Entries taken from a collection
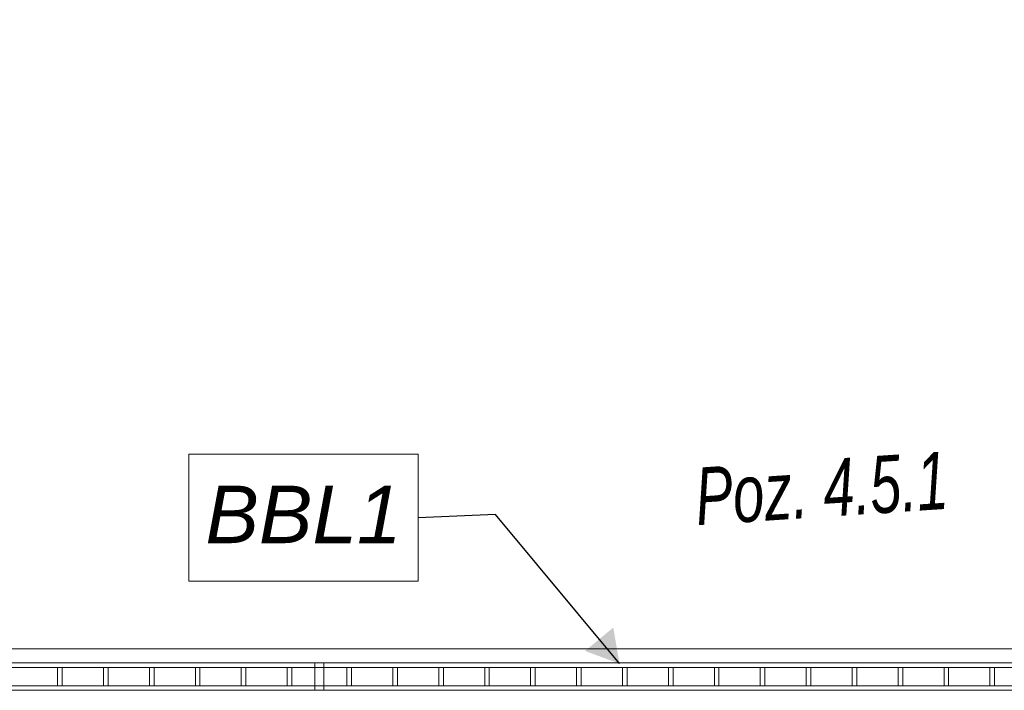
# Model space of a CAD drawing. Header units: millimetres. Extents: x 53458 to 226409, y -124561 to 60561.
# Tile 13 of 133: x 67288 to 69431, y -118968 to -117508. Entities that reach past the tile are written whole.
import ezdxf

# ---------------------------------------------------------------- set-up
doc = ezdxf.new("R2010")
doc.units = ezdxf.units.MM
doc.layers.add('_xref', color=250, linetype='Continuous')
for name, color, linetype, lineweight in [('SIM-Wegliniec-11.03.2025-Parter$0$Nowe_A-Balkony_Nr_pióra__89', 250, 'Continuous', 0), ('SIM-Wegliniec-11.03.2025-Parter$0$Nowe_A-Balustrady_Nr_pióra__11', 250, 'Continuous', 0), ('SIM-Wegliniec-11.03.2025-Parter$0$Nowe_A-Balustrady_Nr_pióra__91', 250, 'Continuous', 0), ('SIM-Wegliniec-11.03.2025-Parter$0$Nowe_A-Konstrukcja Opis_Nr_pióra__58', 250, 'Continuous', 0), ('SIM-Wegliniec-11.03.2025-Parter$0$Nowe_A-Konstrukcja Opis_Nr_pióra__78', 250, 'Continuous', 0)]:
    doc.layers.add(name, color=color, linetype=linetype, lineweight=lineweight)
doc.styles.add('SIM-Wegliniec-11.03.2025-Parter$0$STYL_AUTOMATYCZNY_3', font='arial.ttf')
doc.styles.add('SIM-Wegliniec-11.03.2025-Parter$0$STYL_AUTOMATYCZNY_6', font='arial.ttf', dxfattribs={"width": 0.7})
doc.dimstyles.new('SIM-Wegliniec-11.03.2025-Parter$0$STYL_AUTOMATYCZNY__9', dxfattribs={"dimtxt": 0.18, "dimasz": 76, "dimexe": 0.18, "dimexo": 0.0625, "dimgap": 0, "dimtad": 0, "dimtih": 1, "dimtoh": 1, "dimdec": 4, "dimzin": 0, "dimdsep": 46, "dimcen": 0.09, "dimadec": 0, "dimazin": 0, "dimtfac": 1, "dimtdec": 4, "dimtmove": 0, "dimatfit": 3, "dimldrblk": 'SIM-Wegliniec-11.03.2025-Parter$0$ARROWHEAD_16', "dimfxl": 1, "dimtolj": 1, "dimtzin": 0, "dimarcsym": 0})

# ---------------------------------------------------------------- blocks, each defined once
blk = doc.blocks.new('SIM-Wegliniec-11.03.2025-Parter$0$ARROWHEAD_16')
at = {"linetype": 'Continuous', "lineweight": 0}
blk.add_hatch(color=0, dxfattribs=at).paths.add_polyline_path([(-0.9093, 0.525), (0, 0), (-0.9093, -0.525)])
at = {"color": 0, "linetype": 'Continuous', "lineweight": 0}
blk.add_line((0, 0), (-1, 0), dxfattribs=at)
blk = doc.blocks.new('SIM-Wegliniec-11.03.2025-Parter')
at = {"layer": 'SIM-Wegliniec-11.03.2025-Parter$0$Nowe_A-Balkony_Nr_pióra__89', "linetype": 'Continuous', "lineweight": 13, "flags": 128}
blk.add_lwpolyline([(91030.1, -117167.6), (91030.1, -118877.6), (64980.1, -118877.6), (64980.1, -117167.6)], close=True, dxfattribs=at)
at = {"layer": 'SIM-Wegliniec-11.03.2025-Parter$0$Nowe_A-Balustrady_Nr_pióra__11', "linetype": 'Continuous', "lineweight": 13, "flags": 128}
for points in [[(67950.1, -118967.6), (67950.1, -118907.6), (67930.1, -118907.6), (67930.1, -118967.6)], [(67380.1, -118957.6), (67380.1, -118917.6), (67370.1, -118917.6), (67370.1, -118957.6)], [(67480.1, -118957.6), (67480.1, -118917.6), (67470.1, -118917.6), (67470.1, -118957.6)], [(67580.1, -118957.6), (67580.1, -118917.6), (67570.1, -118917.6), (67570.1, -118957.6)], [(67680.1, -118957.6), (67680.1, -118917.6), (67670.1, -118917.6), (67670.1, -118957.6)], [(67780.1, -118957.6), (67780.1, -118917.6), (67770.1, -118917.6), (67770.1, -118957.6)], [(67880.1, -118957.6), (67880.1, -118917.6), (67870.1, -118917.6), (67870.1, -118957.6)], [(68010.1, -118957.6), (68010.1, -118917.6), (68000.1, -118917.6), (68000.1, -118957.6)], [(68110.1, -118957.6), (68110.1, -118917.6), (68100.1, -118917.6), (68100.1, -118957.6)], [(68210.1, -118957.6), (68210.1, -118917.6), (68200.1, -118917.6), (68200.1, -118957.6)], [(68310.1, -118957.6), (68310.1, -118917.6), (68300.1, -118917.6), (68300.1, -118957.6)], [(68410.1, -118957.6), (68410.1, -118917.6), (68400.1, -118917.6), (68400.1, -118957.6)], [(68510.1, -118957.6), (68510.1, -118917.6), (68500.1, -118917.6), (68500.1, -118957.6)], [(68610.1, -118957.6), (68610.1, -118917.6), (68600.1, -118917.6), (68600.1, -118957.6)], [(68710.1, -118957.6), (68710.1, -118917.6), (68700.1, -118917.6), (68700.1, -118957.6)], [(68810.1, -118957.6), (68810.1, -118917.6), (68800.1, -118917.6), (68800.1, -118957.6)], [(68910.1, -118957.6), (68910.1, -118917.6), (68900.1, -118917.6), (68900.1, -118957.6)], [(69010.1, -118957.6), (69010.1, -118917.6), (69000.1, -118917.6), (69000.1, -118957.6)], [(69110.1, -118957.6), (69110.1, -118917.6), (69100.1, -118917.6), (69100.1, -118957.6)], [(69210.1, -118957.6), (69210.1, -118917.6), (69200.1, -118917.6), (69200.1, -118957.6)], [(69310.1, -118957.6), (69310.1, -118917.6), (69300.1, -118917.6), (69300.1, -118957.6)], [(69410.1, -118957.6), (69410.1, -118917.6), (69400.1, -118917.6), (69400.1, -118957.6)]]:
    blk.add_lwpolyline(points, close=True, dxfattribs=at)
at = {"layer": 'SIM-Wegliniec-11.03.2025-Parter$0$Nowe_A-Balustrady_Nr_pióra__91', "linetype": 'Continuous', "lineweight": 13, "flags": 128}
for points in [[(90720.1, -118967.6), (90720.1, -118907.6), (65290.1, -118907.6), (65290.1, -118967.6)], [(90720.1, -118957.6), (90720.1, -118917.6), (65290.1, -118917.6), (65290.1, -118957.6)]]:
    blk.add_lwpolyline(points, close=True, dxfattribs=at)
at = {"layer": 'SIM-Wegliniec-11.03.2025-Parter$0$Nowe_A-Konstrukcja Opis_Nr_pióra__78', "linetype": 'Continuous', "lineweight": 13, "flags": 128}
blk.add_lwpolyline([(67655.9, -118453.7), (68155.3, -118453.7), (68155.3, -118730.2), (67655.9, -118730.2)], close=True, dxfattribs=at)
at = {"layer": 'SIM-Wegliniec-11.03.2025-Parter$0$Nowe_A-Konstrukcja Opis_Nr_pióra__58', "linetype": 'Continuous', "lineweight": 13, "insert": (68762.9, -118610), "char_height": 125, "attachment_point": 7, "rotation": 3.7557, "style": 'SIM-Wegliniec-11.03.2025-Parter$0$STYL_AUTOMATYCZNY_6'}
blk.add_mtext('\\A1;{\\pql;\\fArial|b0|i1|c238|p0;\\W0.700000;Poz. 4.5.1}', dxfattribs=at)
at = {"layer": 'SIM-Wegliniec-11.03.2025-Parter$0$Nowe_A-Konstrukcja Opis_Nr_pióra__78', "linetype": 'Continuous', "lineweight": 13, "insert": (67905.6, -118584.8), "char_height": 125, "attachment_point": 5, "style": 'SIM-Wegliniec-11.03.2025-Parter$0$STYL_AUTOMATYCZNY_3'}
blk.add_mtext('\\A1;{\\pqc;\\fArial|b0|i1|c238|p0;\\W1.000000;BBL\\fArial|b0|i1|c238|p0;\\W1.000000;1}', dxfattribs=at)
at = {"layer": 'SIM-Wegliniec-11.03.2025-Parter$0$Nowe_A-Konstrukcja Opis_Nr_pióra__78', "linetype": 'Continuous', "lineweight": 13, "annotation_type": 0, "has_hookline": 1, "hookline_direction": 1, "text_width": 406.2}
blk.add_leader([(68593.5, -118909.6), (68323.5, -118584.8), (68155.3, -118591.9)], dimstyle='SIM-Wegliniec-11.03.2025-Parter$0$STYL_AUTOMATYCZNY__9', dxfattribs=at)

msp = doc.modelspace()

# ---------------------------------------------------------------- block references
at = {"layer": '_xref'}
msp.add_blockref('SIM-Wegliniec-11.03.2025-Parter', (0, 0), dxfattribs=at)

doc.saveas('drawing.dxf')

- What the task requires
Your response must consist of the lines from the beginning of the data through the line containing "blk = doc.blocks.new('SIM-Wegliniec-11.03.2025-Parter')", transcribed exactly, with no pictures.

- Result of this task
# Model space of a CAD drawing. Header units: millimetres. Extents: x 53458 to 226409, y -124561 to 60561.
# Tile 13 of 133: x 67288 to 69431, y -118968 to -117508. Entities that reach past the tile are written whole.
import ezdxf

# ---------------------------------------------------------------- set-up
doc = ezdxf.new("R2010")
doc.units = ezdxf.units.MM
doc.layers.add('_xref', color=250, linetype='Continuous')
for name, color, linetype, lineweight in [('SIM-Wegliniec-11.03.2025-Parter$0$Nowe_A-Balkony_Nr_pióra__89', 250, 'Continuous', 0), ('SIM-Wegliniec-11.03.2025-Parter$0$Nowe_A-Balustrady_Nr_pióra__11', 250, 'Continuous', 0), ('SIM-Wegliniec-11.03.2025-Parter$0$Nowe_A-Balustrady_Nr_pióra__91', 250, 'Continuous', 0), ('SIM-Wegliniec-11.03.2025-Parter$0$Nowe_A-Konstrukcja Opis_Nr_pióra__58', 250, 'Continuous', 0), ('SIM-Wegliniec-11.03.2025-Parter$0$Nowe_A-Konstrukcja Opis_Nr_pióra__78', 250, 'Continuous', 0)]:
    doc.layers.add(name, color=color, linetype=linetype, lineweight=lineweight)
doc.styles.add('SIM-Wegliniec-11.03.2025-Parter$0$STYL_AUTOMATYCZNY_3', font='arial.ttf')
doc.styles.add('SIM-Wegliniec-11.03.2025-Parter$0$STYL_AUTOMATYCZNY_6', font='arial.ttf', dxfattribs={"width": 0.7})
doc.dimstyles.new('SIM-Wegliniec-11.03.2025-Parter$0$STYL_AUTOMATYCZNY__9', dxfattribs={"dimtxt": 0.18, "dimasz": 76, "dimexe": 0.18, "dimexo": 0.0625, "dimgap": 0, "dimtad": 0, "dimtih": 1, "dimtoh": 1, "dimdec": 4, "dimzin": 0, "dimdsep": 46, "dimcen": 0.09, "dimadec": 0, "dimazin": 0, "dimtfac": 1, "dimtdec": 4, "dimtmove": 0, "dimatfit": 3, "dimldrblk": 'SIM-Wegliniec-11.03.2025-Parter$0$ARROWHEAD_16', "dimfxl": 1, "dimtolj": 1, "dimtzin": 0, "dimarcsym": 0})

# ---------------------------------------------------------------- blocks, each defined once
blk = doc.blocks.new('SIM-Wegliniec-11.03.2025-Parter$0$ARROWHEAD_16')
at = {"linetype": 'Continuous', "lineweight": 0}
blk.add_hatch(color=0, dxfattribs=at).paths.add_polyline_path([(-0.9093, 0.525), (0, 0), (-0.9093, -0.525)])
at = {"color": 0, "linetype": 'Continuous', "lineweight": 0}
blk.add_line((0, 0), (-1, 0), dxfattribs=at)
blk = doc.blocks.new('SIM-Wegliniec-11.03.2025-Parter')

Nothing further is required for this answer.